Although the preferred embodiments of the present invention have been described above, the present invention is not limited to the embodiments described herein, and various modifications and changes can be made as necessary without departing from the gist of the present invention. It will be apparent to those skilled in the art that changes can be made. For example, the example of the voltage signal has been described as the test signal, but it is needless to say that the measurement point can be directly set in the case of the current signal as well.

[0019]

According to the measuring method of the device characteristic measuring apparatus of the present invention, the user can directly input the number of measuring points by taking into consideration the optimum measuring accuracy or measuring time, and Since the number of measurable measurement points that are close to each other can be automatically obtained and displayed, the measurement work with desired measurement accuracy or measurement time can be performed quickly and efficiently. There is no need for the user to reversely set an increment value from a desired number of measurement points to set or to sequentially adjust the increment values to adjust the measurement points as in the conventional case.

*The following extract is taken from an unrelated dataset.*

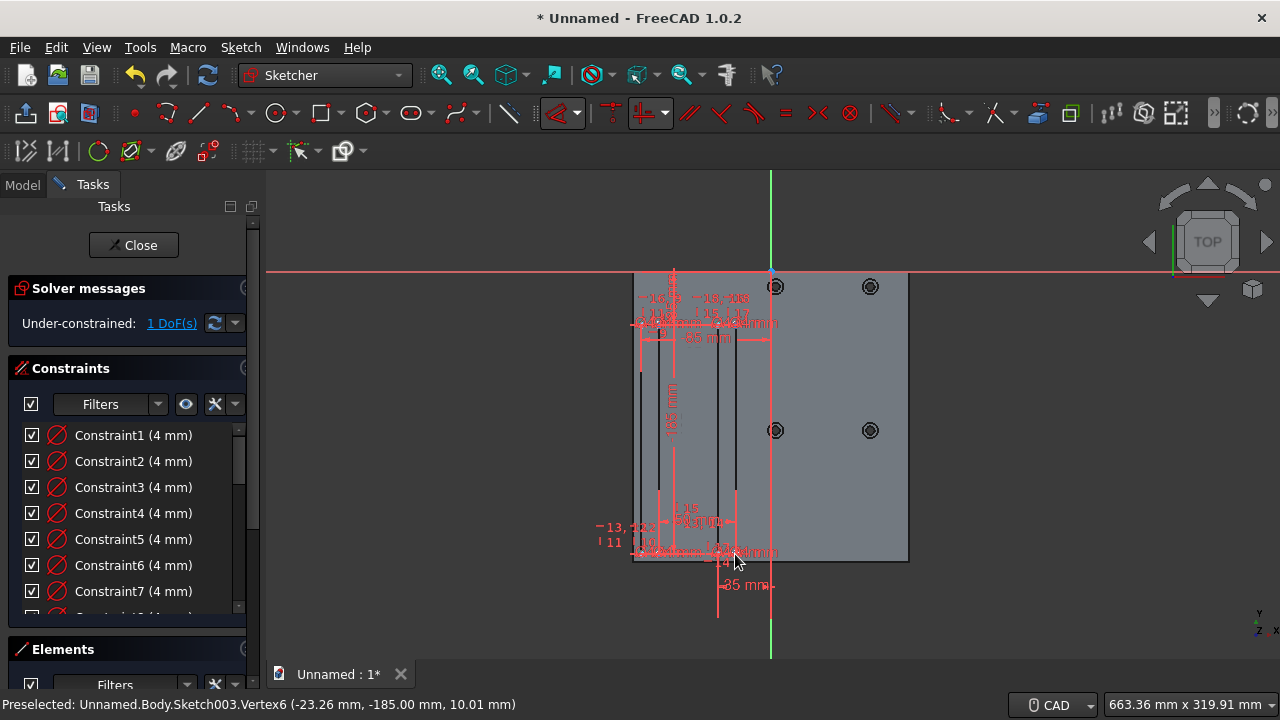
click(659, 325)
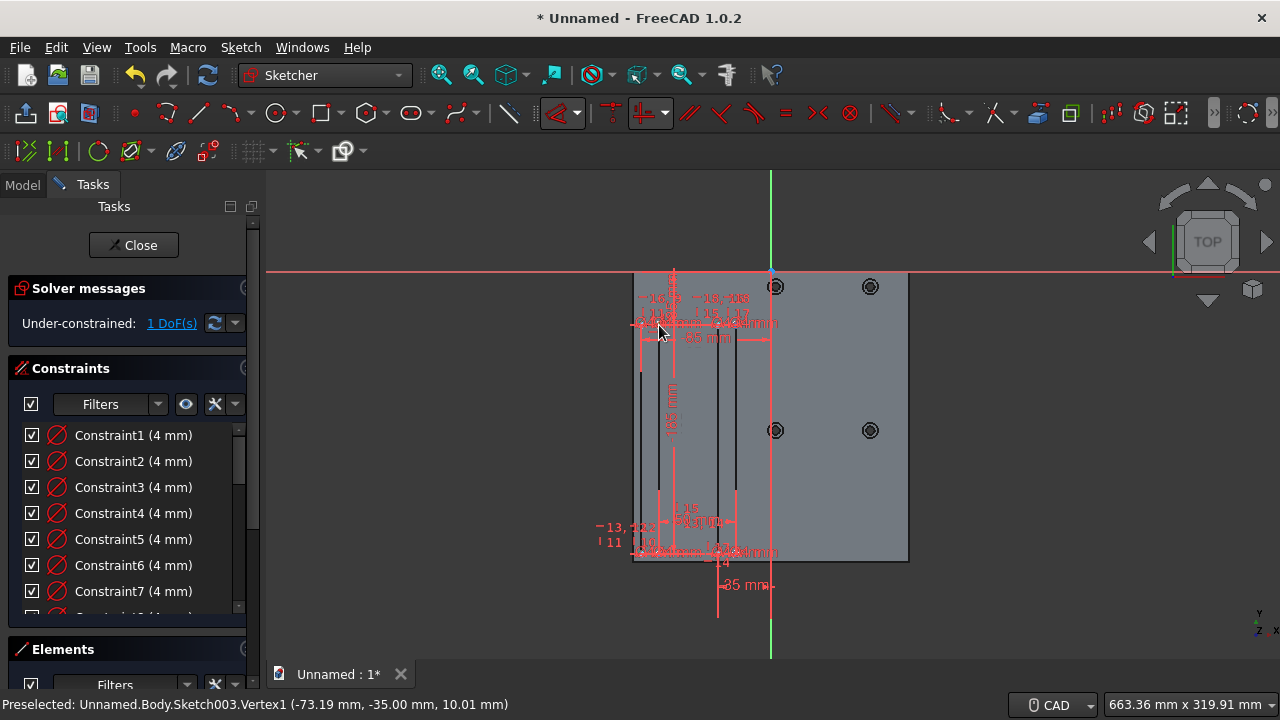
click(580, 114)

[Brief description of drawings]

FIG. 1 is a flow chart showing a procedure of an embodiment of a measuring method of the present invention.

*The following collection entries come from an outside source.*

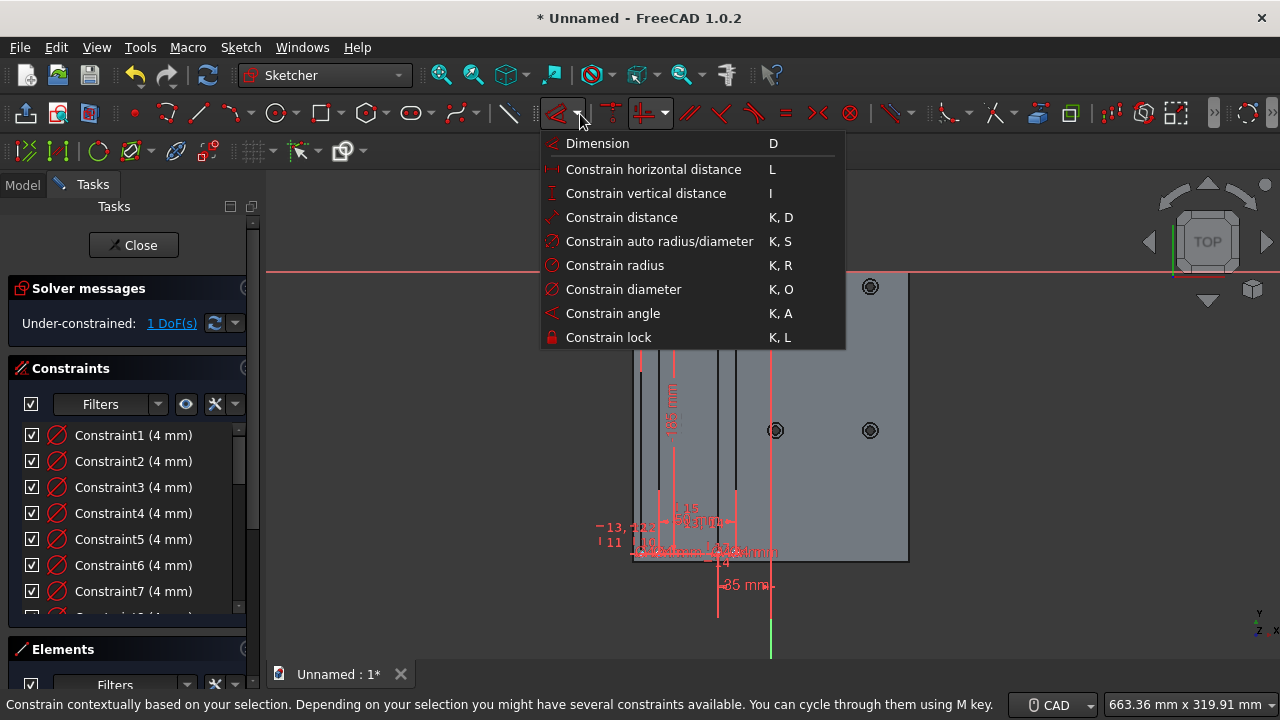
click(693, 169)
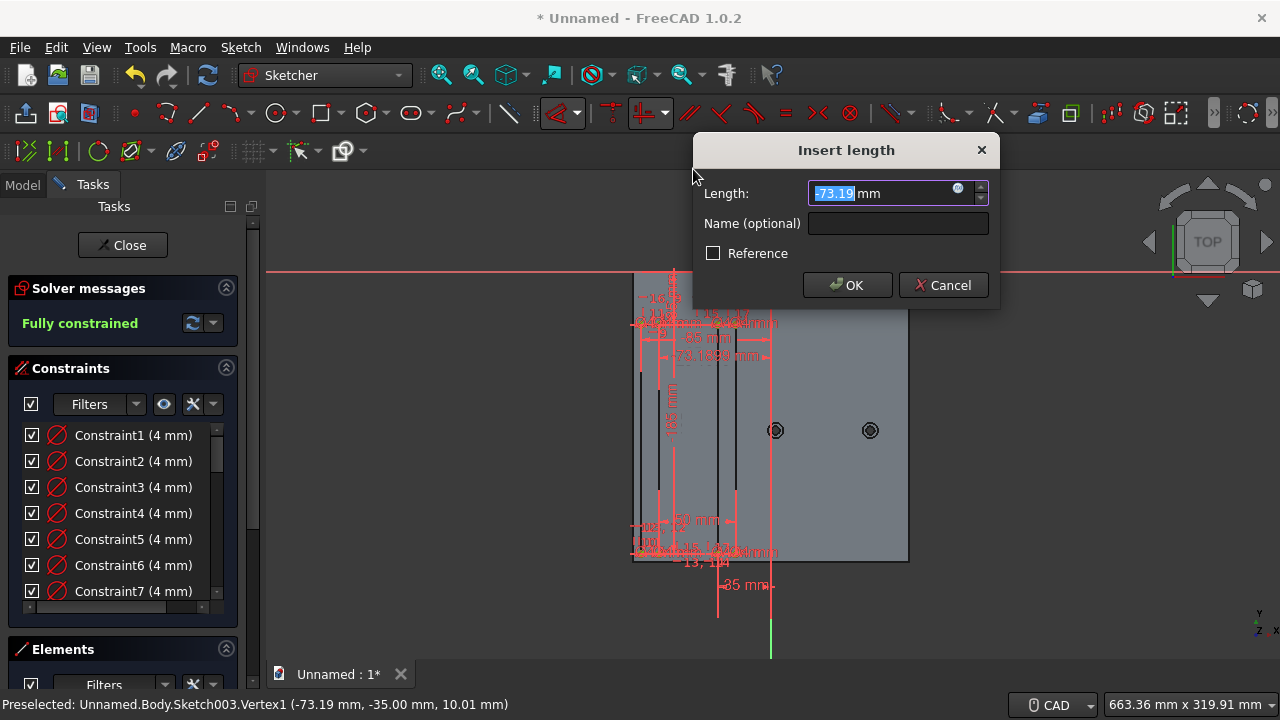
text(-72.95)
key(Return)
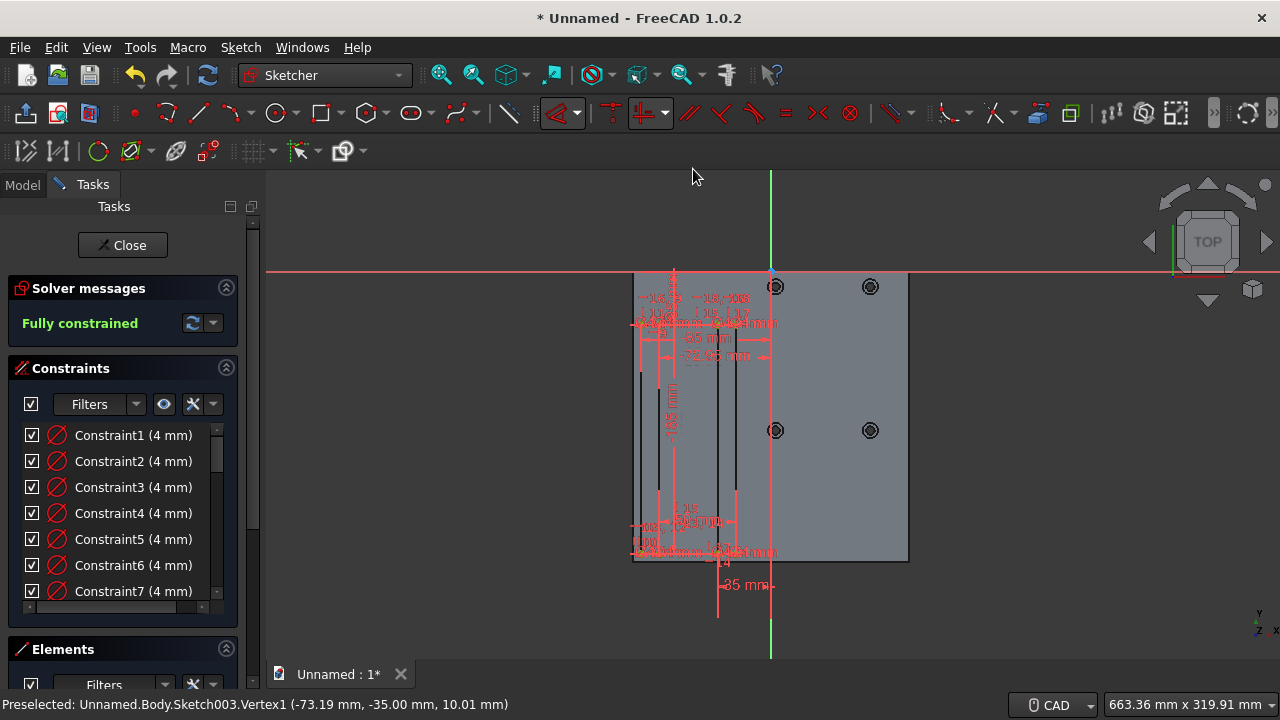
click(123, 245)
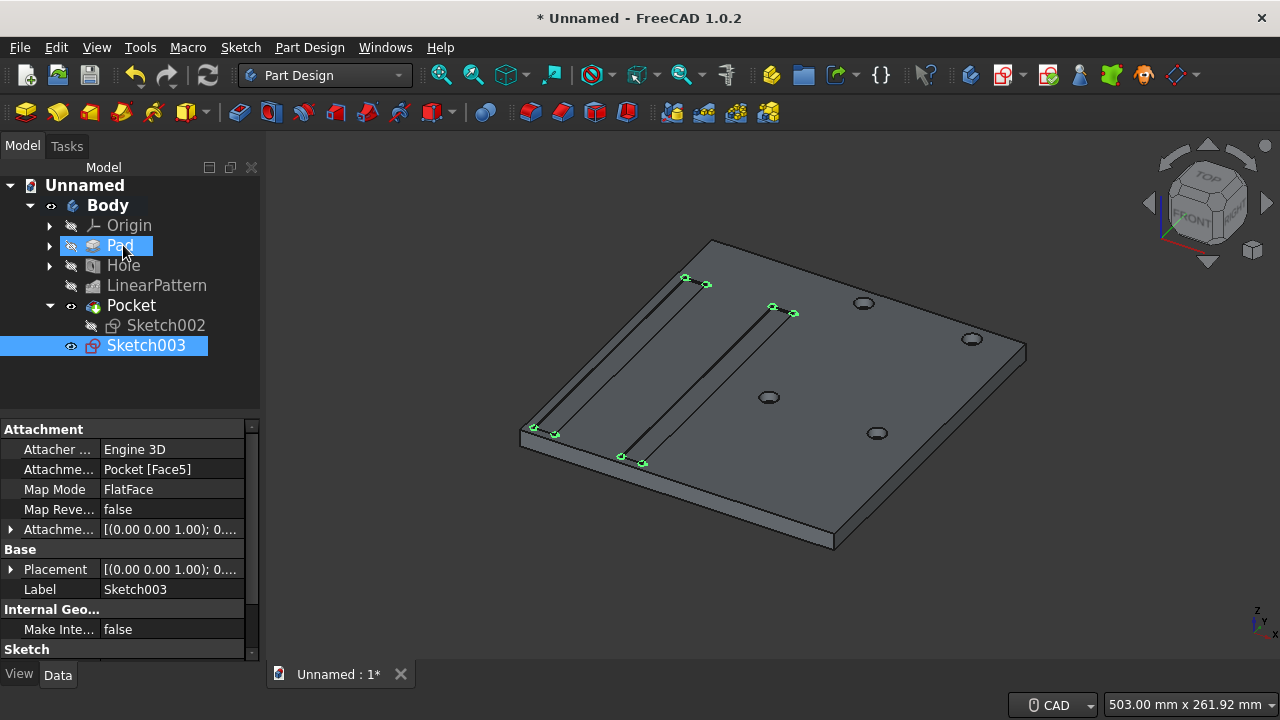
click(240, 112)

FIG. 2 is a block diagram showing a basic configuration of an element characteristic measuring apparatus suitable for adopting the method of the present invention.

FIG. 3 is a diagram showing a display example on a display screen according to the present invention.

[Explanation of symbols]

 100 CPU 106 Input Device 108 Measurement Circuit 110 DUT 112 ADC (Analog to Digital Converter) 116 Memory 120 Display Device

 ─────────────────────────────────────────────────── ─── Continuation of the front page (72) Inventor Osamu Hosoi 5-931 Kitashinagawa, Shinagawa-ku, Tokyo Sonny Tektronix Co., Ltd. Yoshiyuki Shimonaka (56) Reference JP-A-58-100760 ( JP, A) JP-A-4-16734 (JP, A) JP-A-2-45778 (JP, A)

Claims (2)

[Claims] 1. Data of measurement points respectively defined based on the value of a test signal of voltage or current supplied to the device under test and the value of current or voltage of the device under test at that time In the measuring method of the element characteristic measuring device, which sequentially changes the value and obtains a plurality of the measuring points, and displays the characteristics of the measured element on the screen based on the data of the plurality of measuring points, the setting of the measuring points The theoretical value of the increment value between the measurement points of the test signal is calculated based on the number and the start value and the end value of the test signal, and the settable increment value of the test signal closest to the theoretical value of the increment value. And calculate the number of actual measurement points that can be measured from the settable increment value, and calculate the actual measurement point that can be measured. Method of measuring element characteristics measurement apparatus and displaying the number of. 2. Data of a measurement point defined based on the value of the test signal of the voltage or current supplied to the device under test and the value of the current or voltage of the device under test at that time are used as the value of the test signal. In the measuring method of the device characteristic measuring device for displaying the characteristics of the device under test on the screen based on the data of these plural measuring points, by setting the number of setting of the measuring points. The theoretical value of the increment value between the measurement points of the test signal is calculated based on the start value and end value of the test signal, and the number of steps of the step-like bias signal supplied to the device under test. Of the test signal that is closest to the theoretical value of The method for measuring an element characteristic measuring device, comprising: calculating the number of the measurement points and displaying the actual number of measurable measurement points.